DATA SECTION:
════════════════

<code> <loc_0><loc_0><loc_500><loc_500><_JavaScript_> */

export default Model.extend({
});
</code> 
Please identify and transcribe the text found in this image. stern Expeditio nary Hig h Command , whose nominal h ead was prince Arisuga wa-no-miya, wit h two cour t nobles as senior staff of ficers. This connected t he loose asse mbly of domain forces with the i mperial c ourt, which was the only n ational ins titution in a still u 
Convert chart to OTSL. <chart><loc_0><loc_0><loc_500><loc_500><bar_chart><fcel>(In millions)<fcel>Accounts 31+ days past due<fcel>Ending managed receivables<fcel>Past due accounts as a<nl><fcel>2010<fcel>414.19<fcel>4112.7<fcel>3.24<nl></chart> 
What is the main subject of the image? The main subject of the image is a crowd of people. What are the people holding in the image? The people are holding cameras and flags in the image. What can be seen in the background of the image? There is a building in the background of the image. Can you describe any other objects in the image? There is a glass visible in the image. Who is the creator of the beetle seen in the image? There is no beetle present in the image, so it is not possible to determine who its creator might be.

════════════════

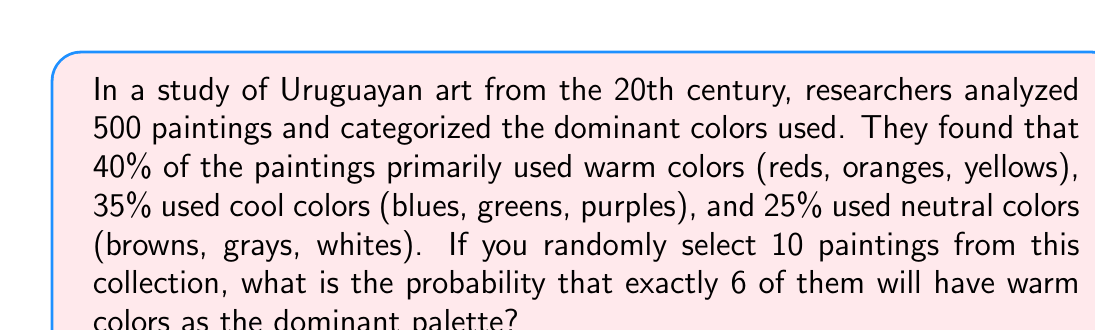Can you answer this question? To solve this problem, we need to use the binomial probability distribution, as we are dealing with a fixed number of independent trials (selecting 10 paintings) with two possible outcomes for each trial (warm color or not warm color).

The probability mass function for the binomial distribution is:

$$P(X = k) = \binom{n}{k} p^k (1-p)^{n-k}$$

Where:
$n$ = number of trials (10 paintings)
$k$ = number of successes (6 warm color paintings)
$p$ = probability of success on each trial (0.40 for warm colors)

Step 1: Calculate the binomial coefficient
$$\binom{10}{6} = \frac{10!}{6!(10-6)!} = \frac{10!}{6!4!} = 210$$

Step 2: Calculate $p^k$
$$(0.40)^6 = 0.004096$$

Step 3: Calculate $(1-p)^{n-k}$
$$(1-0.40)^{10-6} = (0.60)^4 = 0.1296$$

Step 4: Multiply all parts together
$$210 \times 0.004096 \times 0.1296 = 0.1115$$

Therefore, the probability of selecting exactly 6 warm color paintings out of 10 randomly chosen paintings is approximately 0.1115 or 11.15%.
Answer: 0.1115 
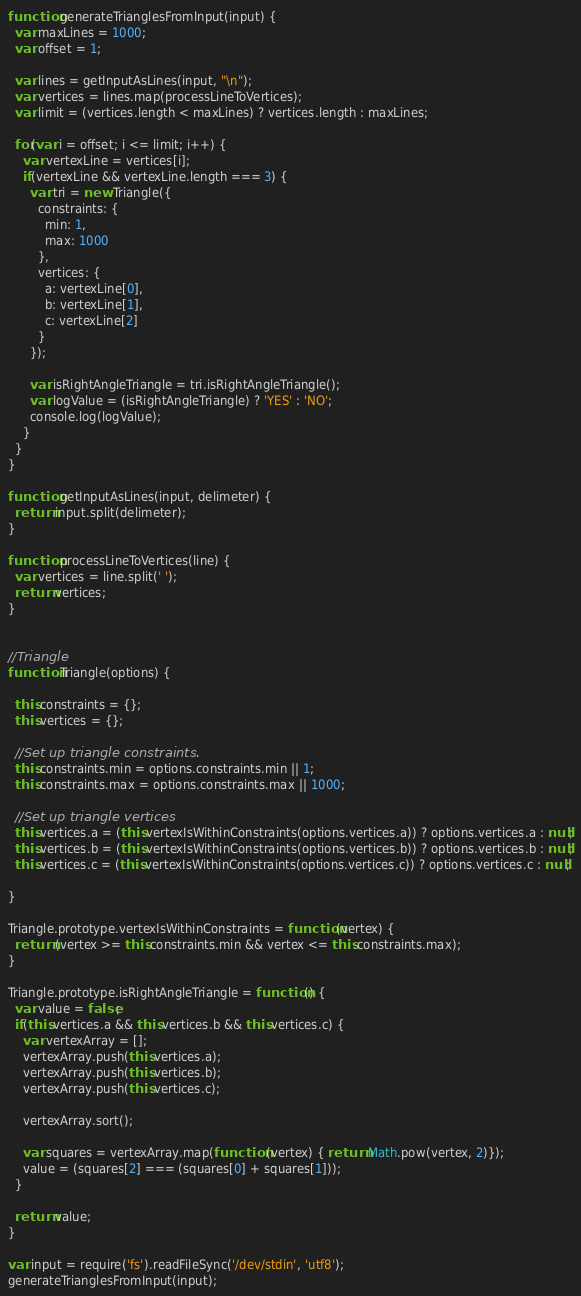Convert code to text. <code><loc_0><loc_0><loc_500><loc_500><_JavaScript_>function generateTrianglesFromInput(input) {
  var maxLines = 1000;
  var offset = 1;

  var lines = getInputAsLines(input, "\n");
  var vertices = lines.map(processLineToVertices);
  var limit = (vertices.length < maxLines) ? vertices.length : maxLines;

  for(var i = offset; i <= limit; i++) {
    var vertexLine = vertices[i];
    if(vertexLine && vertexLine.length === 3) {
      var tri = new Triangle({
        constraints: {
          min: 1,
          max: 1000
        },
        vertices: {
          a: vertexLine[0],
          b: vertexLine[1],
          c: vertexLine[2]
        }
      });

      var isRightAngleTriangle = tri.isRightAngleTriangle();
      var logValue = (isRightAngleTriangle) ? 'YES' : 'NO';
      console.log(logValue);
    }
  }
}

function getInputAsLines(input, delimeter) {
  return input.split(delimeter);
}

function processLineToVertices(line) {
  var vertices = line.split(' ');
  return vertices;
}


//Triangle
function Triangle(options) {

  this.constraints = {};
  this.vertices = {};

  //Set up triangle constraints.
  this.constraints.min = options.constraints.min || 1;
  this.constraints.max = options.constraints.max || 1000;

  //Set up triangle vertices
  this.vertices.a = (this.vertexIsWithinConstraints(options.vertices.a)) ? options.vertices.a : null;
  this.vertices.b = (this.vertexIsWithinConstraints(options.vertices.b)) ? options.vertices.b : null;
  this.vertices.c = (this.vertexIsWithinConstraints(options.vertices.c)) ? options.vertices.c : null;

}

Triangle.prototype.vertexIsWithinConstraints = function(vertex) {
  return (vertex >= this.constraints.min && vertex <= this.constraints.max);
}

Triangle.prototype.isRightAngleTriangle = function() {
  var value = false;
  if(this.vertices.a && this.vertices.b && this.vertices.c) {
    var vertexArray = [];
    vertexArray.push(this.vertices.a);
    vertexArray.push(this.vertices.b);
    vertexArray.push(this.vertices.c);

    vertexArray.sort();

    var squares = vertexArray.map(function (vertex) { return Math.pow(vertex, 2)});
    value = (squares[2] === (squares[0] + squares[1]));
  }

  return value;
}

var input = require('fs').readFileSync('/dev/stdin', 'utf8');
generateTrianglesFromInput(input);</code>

════════════════

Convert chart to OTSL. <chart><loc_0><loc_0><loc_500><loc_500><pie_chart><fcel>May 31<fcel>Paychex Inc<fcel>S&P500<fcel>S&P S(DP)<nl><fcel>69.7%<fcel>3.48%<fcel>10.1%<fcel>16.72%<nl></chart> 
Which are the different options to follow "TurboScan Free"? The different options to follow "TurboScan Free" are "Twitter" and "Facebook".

════════════════

DIRECTIONS: Retype only the lines above between the line with "Please identify and" and the line with "millions)<fcel>Accounts 31+ days", counting those two lines as well, and keep every character as it is.

PROBLEM SOLUTION:
Please identify and transcribe the text found in this image. stern Expeditio nary Hig h Command , whose nominal h ead was prince Arisuga wa-no-miya, wit h two cour t nobles as senior staff of ficers. This connected t he loose asse mbly of domain forces with the i mperial c ourt, which was the only n ational ins titution in a still u 
Convert chart to OTSL. <chart><loc_0><loc_0><loc_500><loc_500><bar_chart><fcel>(In millions)<fcel>Accounts 31+ days past due<fcel>Ending managed receivables<fcel>Past due accounts as a<nl><fcel>2010<fcel>414.19<fcel>4112.7<fcel>3.24<nl></chart> 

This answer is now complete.